Why is it so important that we involve men and boys?
‘Men and women are raised with notions on how they are supposed to behave, and relate towards each other. Change will not happen, by solely focussing on half of the population, and only one of the actors in a relationship. We have a lot of testimonies from men, who after being part of our interventions, tell us that the increased equality in their families and relationships, have not only improved the lives of their wives and children, but also their own. Equal relationships have positive effects for everyone, including men.’

‘If you don’t engage men and boys, and only work with women and girls, you run the risk of creating more resistance and actually increasing tensions, as we also saw happen around #MeToo, where men felt blamed or threatened. This causes a negative backlash. If you take a positive approach, talk to men and start with the positive role they can play, they actually want to be part of the solution.’

Is this positive approach of involving men and boys the answer to #MeToo?
It is the answer to tackling gender inequality worldwide. But it is not just about gender. It is about class, race, religion, age groups, and more. #MeToo has made a lot of people aware of the differences in power, how people use power and the injustice of it.’

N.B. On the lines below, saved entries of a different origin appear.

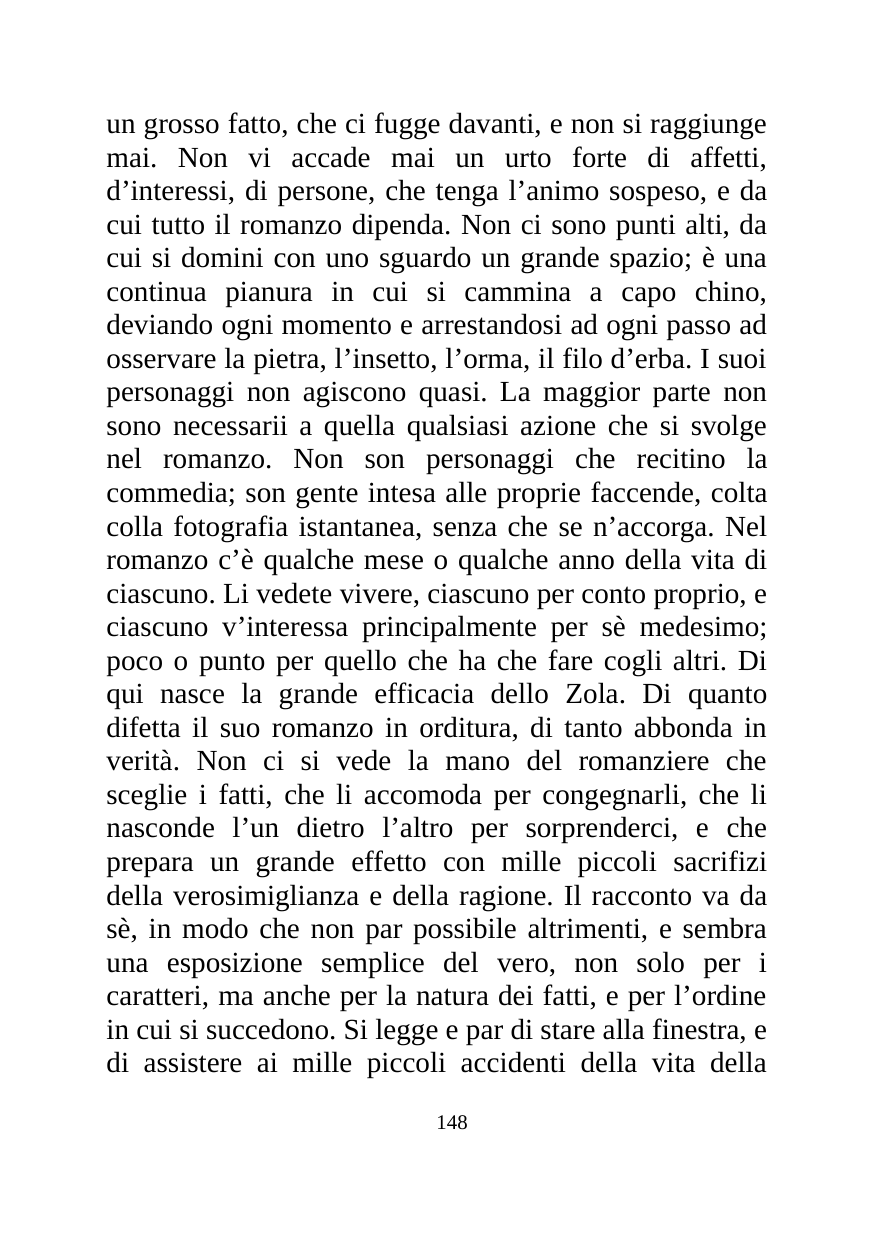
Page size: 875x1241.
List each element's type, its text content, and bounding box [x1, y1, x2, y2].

text un grosso fatto, che ci fugge davanti, e non si raggiunge mai. Non vi accade mai un urto forte di affetti, d’interessi, di persone, che tenga l’animo sospeso, e da cui tutto il romanzo dipenda. Non ci sono punti alti, da cui si domini con uno sguardo un grande spazio; è una continua pianura in cui si cammina a capo chino, deviando ogni momento e arrestandosi ad ogni passo ad osservare la pietra, l’insetto, l’orma, il filo d’erba. I suoi personaggi non agiscono quasi. La maggior parte non sono necessarii a quella qualsiasi azione che si svolge nel romanzo. Non son personaggi che recitino la commedia; son gente intesa alle proprie faccende, colta colla fotografia istantanea, senza che se n’accorga. Nel romanzo c’è qualche mese o qualche anno della vita di ciascuno. Li vedete vivere, ciascuno per conto proprio, e ciascuno v’interessa principalmente per sè medesimo; poco o punto per quello che ha che fare cogli altri. Di qui nasce la grande efficacia dello Zola. Di quanto difetta il suo romanzo in orditura, di tanto abbonda in verità. Non ci si vede la mano del romanziere che sceglie i fatti, che li accomoda per congegnarli, che li nasconde l’un dietro l’altro per sorprenderci, e che prepara un grande effetto con mille piccoli sacrifizi della verosimiglianza e della ragione. Il racconto va da sè, in modo che non par possibile altrimenti, e sembra una esposizione semplice del vero, non solo per i caratteri, ma anche per la natura dei fatti, e per l’ordine in cui si succedono. Si legge e par di stare alla finestra, e di assistere ai mille piccoli accidenti della vita della [106, 106, 768, 1079]
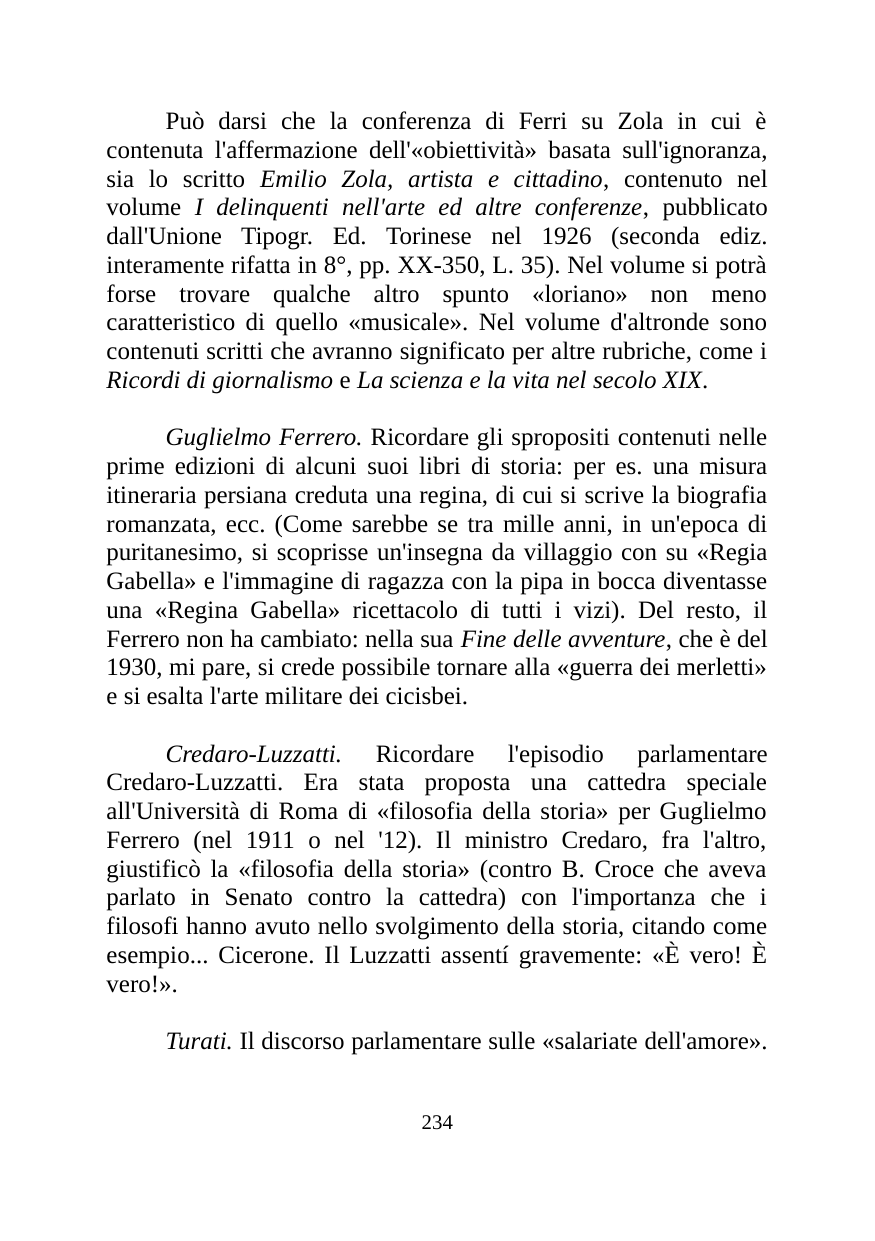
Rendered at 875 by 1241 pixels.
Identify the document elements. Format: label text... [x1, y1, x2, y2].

text Credaro-Luzzatti. Ricordare l'episodio parlamentare Credaro-Luzzatti. Era stata proposta una cattedra speciale all'Università di Roma di «filosofia della storia» per Guglielmo Ferrero (nel 1911 o nel '12). Il ministro Credaro, fra l'altro, giustificò la «filosofia della storia» (contro B. Croce che aveva parlato in Senato contro la cattedra) con l'importanza che i filosofi hanno avuto nello svolgimento della storia, citando come esempio... Cicerone. Il Luzzatti assentí gravemente: «È vero! È vero!». [106, 739, 768, 997]
text Guglielmo Ferrero. Ricordare gli spropositi contenuti nelle prime edizioni di alcuni suoi libri di storia: per es. una misura itineraria persiana creduta una regina, di cui si scrive la biografia romanzata, ecc. (Come sarebbe se tra mille anni, in un'epoca di puritanesimo, si scoprisse un'insegna da villaggio con su «Regia Gabella» e l'immagine di ragazza con la pipa in bocca diventasse una «Regina Gabella» ricettacolo di tutti i vizi). Del resto, il Ferrero non ha cambiato: nella sua Fine delle avventure, che è del 1930, mi pare, si crede possibile tornare alla «guerra dei merletti» e si esalta l'arte militare dei cicisbei. [106, 422, 768, 710]
text Turati. Il discorso parlamentare sulle «salariate dell'amore». [106, 1026, 768, 1055]
text Può darsi che la conferenza di Ferri su Zola in cui è contenuta l'affermazione dell'«obiettività» basata sull'ignoranza, sia lo scritto Emilio Zola, artista e cittadino, contenuto nel volume I delinquenti nell'arte ed altre conferenze, pubblicato dall'Unione Tipogr. Ed. Torinese nel 1926 (seconda ediz. interamente rifatta in 8°, pp. XX-350, L. 35). Nel volume si potrà forse trovare qualche altro spunto «loriano» non meno caratteristico di quello «musicale». Nel volume d'altronde sono contenuti scritti che avranno significato per altre rubriche, come i Ricordi di giornalismo e La scienza e la vita nel secolo XIX. [106, 106, 768, 394]
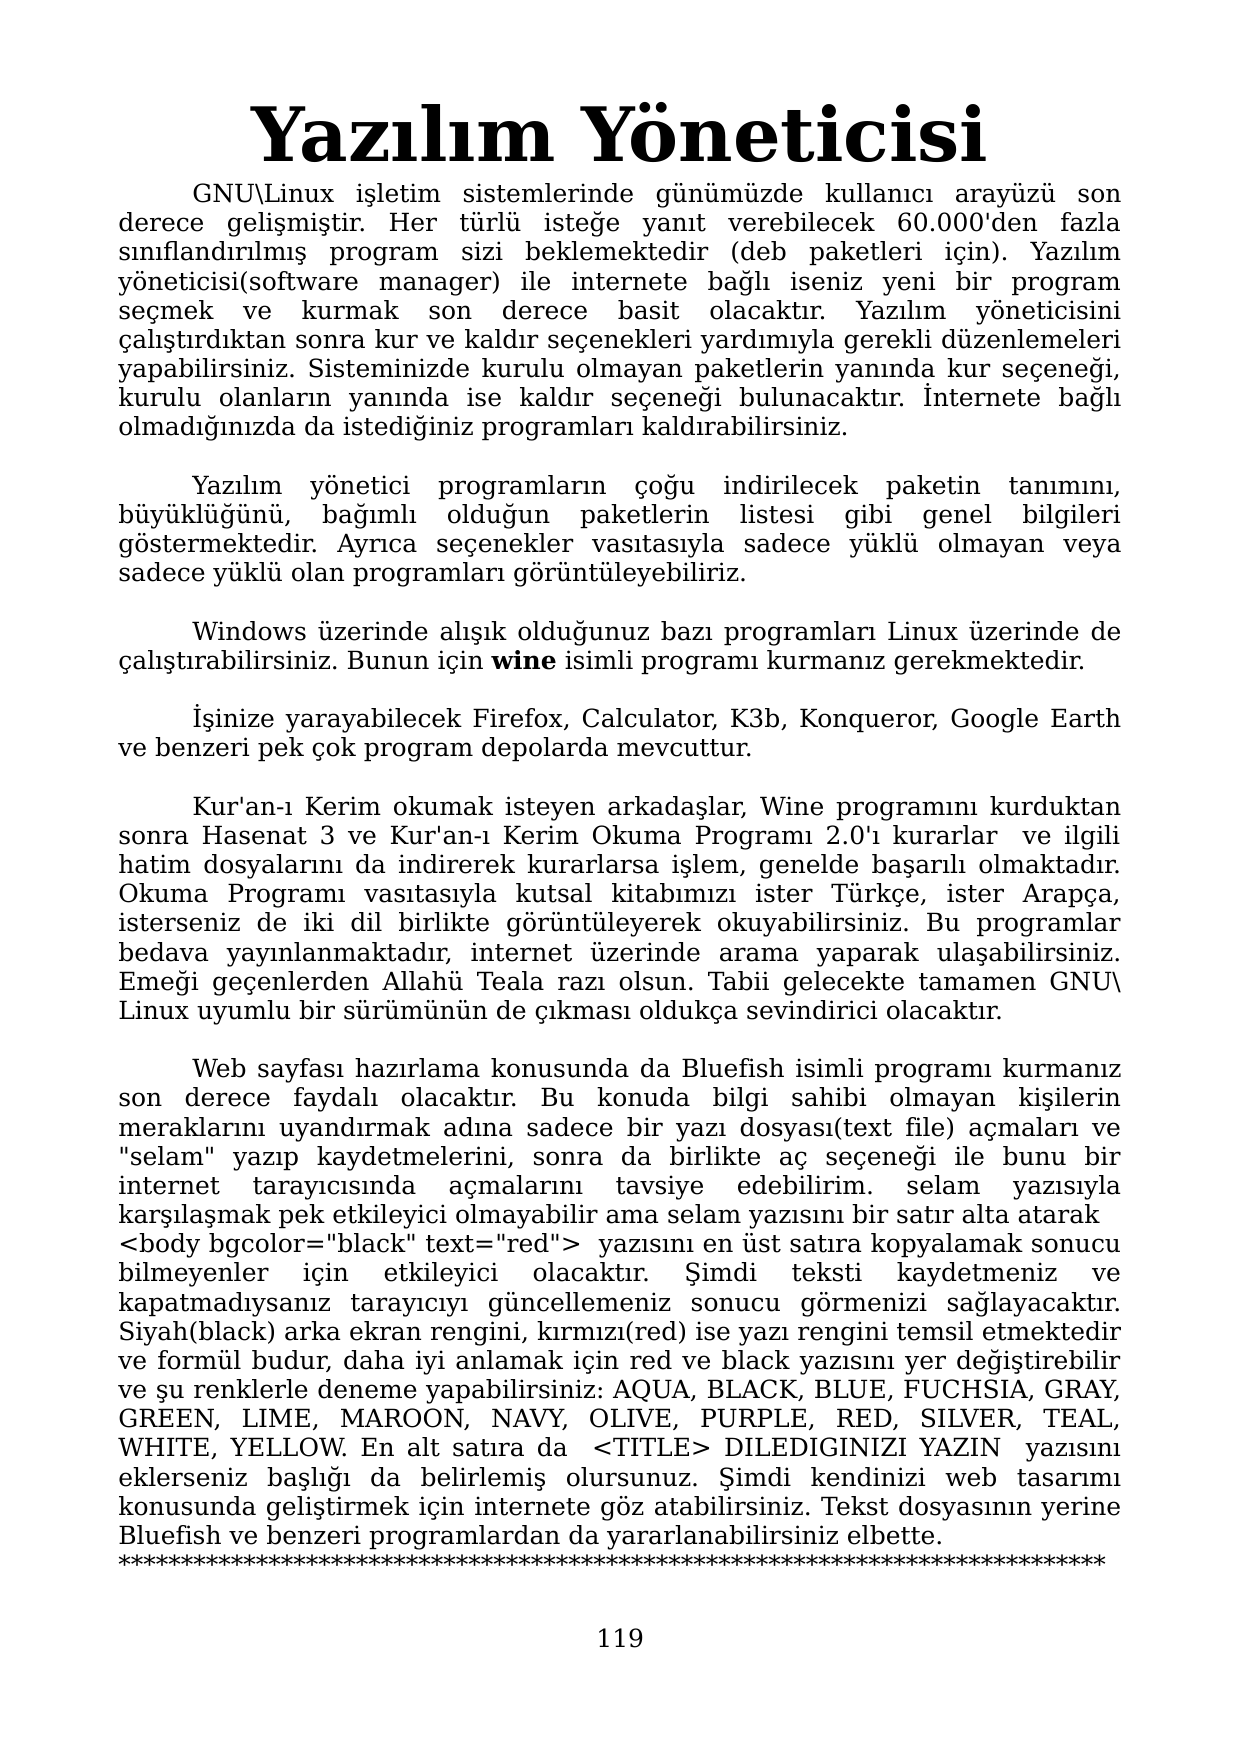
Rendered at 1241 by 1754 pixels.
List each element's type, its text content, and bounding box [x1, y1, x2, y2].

text Windows üzerinde alışık olduğunuz bazı programları Linux üzerinde de çalıştırabilirsiniz. Bunun için wine isimli programı kurmanız gerekmektedir. [118, 617, 1122, 675]
text GNU\Linux işletim sistemlerinde günümüzde kullanıcı arayüzü son derece gelişmiştir. Her türlü isteğe yanıt verebilecek 60.000'den fazla sınıflandırılmış program sizi beklemektedir (deb paketleri için). Yazılım yöneticisi(software manager) ile internete bağlı iseniz yeni bir program seçmek ve kurmak son derece basit olacaktır. Yazılım yöneticisini çalıştırdıktan sonra kur ve kaldır seçenekleri yardımıyla gerekli düzenlemeleri yapabilirsiniz. Sisteminizde kurulu olmayan paketlerin yanında kur seçeneği, kurulu olanların yanında ise kaldır seçeneği bulunacaktır. İnternete bağlı olmadığınızda da istediğiniz programları kaldırabilirsiniz. [118, 179, 1122, 442]
text ******************************************************************************* [118, 1550, 1122, 1579]
text <body bgcolor="black" text="red"> yazısını en üst satıra kopyalamak sonucu bilmeyenler için etkileyici olacaktır. Şimdi teksti kaydetmeniz ve kapatmadıysanız tarayıcıyı güncellemeniz sonucu görmenizi sağlayacaktır. Siyah(black) arka ekran rengini, kırmızı(red) ise yazı rengini temsil etmektedir ve formül budur, daha iyi anlamak için red ve black yazısını yer değiştirebilir ve şu renklerle deneme yapabilirsiniz: AQUA, BLACK, BLUE, FUCHSIA, GRAY, GREEN, LIME, MAROON, NAVY, OLIVE, PURPLE, RED, SILVER, TEAL, WHITE, YELLOW. En alt satıra da <TITLE> DILEDIGINIZI YAZIN yazısını eklerseniz başlığı da belirlemiş olursunuz. Şimdi kendinizi web tasarımı konusunda geliştirmek için internete göz atabilirsiniz. Tekst dosyasının yerine Bluefish ve benzeri programlardan da yararlanabilirsiniz elbette. [118, 1229, 1122, 1550]
text İşinize yarayabilecek Firefox, Calculator, K3b, Konqueror, Google Earth ve benzeri pek çok program depolarda mevcuttur. [118, 704, 1122, 763]
text Yazılım yönetici programların çoğu indirilecek paketin tanımını, büyüklüğünü, bağımlı olduğun paketlerin listesi gibi genel bilgileri göstermektedir. Ayrıca seçenekler vasıtasıyla sadece yüklü olmayan veya sadece yüklü olan programları görüntüleyebiliriz. [118, 471, 1122, 588]
text Yazılım Yöneticisi [118, 91, 1122, 179]
text Kur'an-ı Kerim okumak isteyen arkadaşlar, Wine programını kurduktan sonra Hasenat 3 ve Kur'an-ı Kerim Okuma Programı 2.0'ı kurarlar ve ilgili hatim dosyalarını da indirerek kurarlarsa işlem, genelde başarılı olmaktadır. Okuma Programı vasıtasıyla kutsal kitabımızı ister Türkçe, ister Arapça, isterseniz de iki dil birlikte görüntüleyerek okuyabilirsiniz. Bu programlar bedava yayınlanmaktadır, internet üzerinde arama yaparak ulaşabilirsiniz. Emeği geçenlerden Allahü Teala razı olsun. Tabii gelecekte tamamen GNU\Linux uyumlu bir sürümünün de çıkması oldukça sevindirici olacaktır. [118, 792, 1122, 1025]
text Web sayfası hazırlama konusunda da Bluefish isimli programı kurmanız son derece faydalı olacaktır. Bu konuda bilgi sahibi olmayan kişilerin meraklarını uyandırmak adına sadece bir yazı dosyası(text file) açmaları ve "selam" yazıp kaydetmelerini, sonra da birlikte aç seçeneği ile bunu bir internet tarayıcısında açmalarını tavsiye edebilirim. selam yazısıyla karşılaşmak pek etkileyici olmayabilir ama selam yazısını bir satır alta atarak [118, 1054, 1122, 1229]

‘Our programme shows the importance and effects of engaging men and boys. It may sound a bit soft, but a lot of our work is about communication and dialogue. It is amazing what the effect is of having a number of sessions to discuss these matters. It changes people. The results of Prevention+ show that after these interventions, there is a shift in the way people shape their relationships and how they relate to the opposite gender. We see less violence and more equitable decision-making in the household, just by being able to communicate and connect.’

“Our interventions aren’t called #MeToo, but we address the same issues”

Do enough people know about the idea of involving men and boys?
‘In the development sector, we see that engaging men and boys is being recognised as an important strategy. Our interventions may not be called #MeToo, but we do address the same issues. However, it is very important to stress that it isn’t the only strategy. Gender equality will always remain our aim. The end result is always to empower women and girls to end GBV. If you work with men and boys, you might unconsciously strengthen the already existing power relationships. Always stay aware of that. Our approach is a contributing strategy, but we must continue to focus on women’s empowerment, and provide support in cases of violence.’

A year after #MeToo, what is the way forward?
‘What is important for us, as we are halfway through the Prevention+ programme, is that we see a lot of positive effects of our step-by-step approach. We will capture and share these results with others in the field, but also with the general public. To tackle this global issue, we have to communicate, connect and act together to challenge and change the power dynamics leading to inequality and GBV.’